FOE-U.S. says these most recent developments further call the entire SEIS into question, and that doesn’t include the fact that State recently revealed it’s clueless as to the exact route of the Keystone XL.

“From the beginning, the State Department’s review of Keystone has been plagued by influence peddling and conflicts of interest,” said FOE-U.S.’s Ross Hammond in a press statement.

“This is more serious: If ERM lied about its relationship with TransCanada, how can Secretary Kerry, President Obama or the American people believe anything the company says about the pipeline’s environmental impact?”

As PLATFORM London explains, ERM Group – also a dues-paying member of fracking industry lobbying force Marcellus Shale Coalition up until Oct. 2011 - is part of the “Carbon Web.” That’s shorthand for “the network of relationships between oil and gas companies and the government departments, regulators, cultural institutions, banks and other institutions that surround them.”

Given the state of play, both FOE-U.S. and CBP have called for State’s Office of the Inspector General to conduct a thorough investigation, examining how and why ERM was chosen. They’ve also called for a complete halt in the KXL review process until that transpires.

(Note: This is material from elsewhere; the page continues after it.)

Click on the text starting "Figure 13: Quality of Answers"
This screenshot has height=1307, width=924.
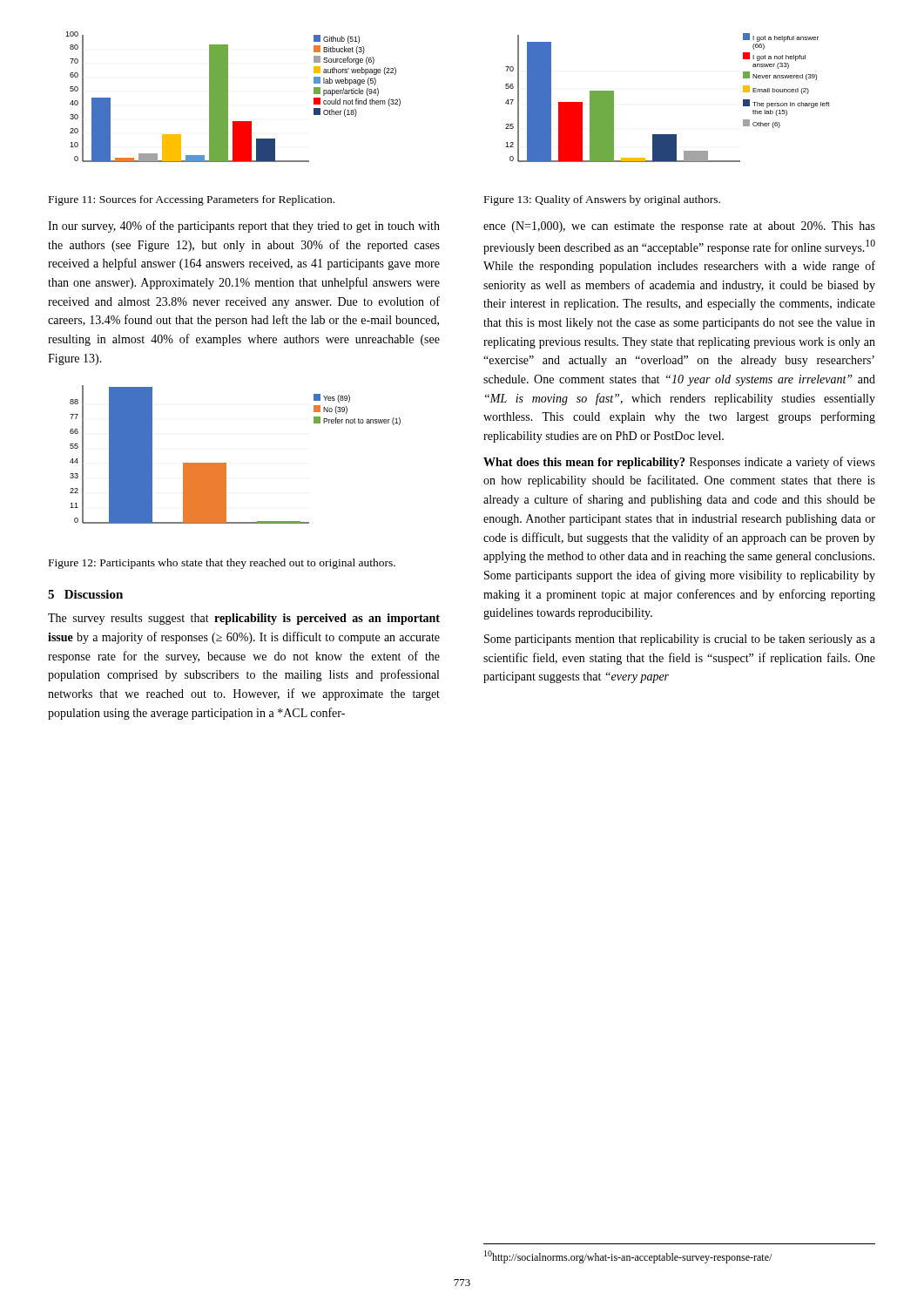click(x=602, y=199)

“Secretary Kerry must halt this flawed review process and direct the State Department to conduct a full, unbiased review of the Keystone XL pipeline’s impact,” Gabe Elsner, director of CBP said in a press statement.

In addition, the State Department Inspector General should pursue a full investigation into how a contractor with clear conflicts of interest was allowed to write the U.S. government’s assessment of Keystone XL and why the State Department failed to bring those conflicts of interest to light. Finally, the State Department should determine appropriate disciplinary actions for ERM to discourage contractors from lying to the federal government in the future.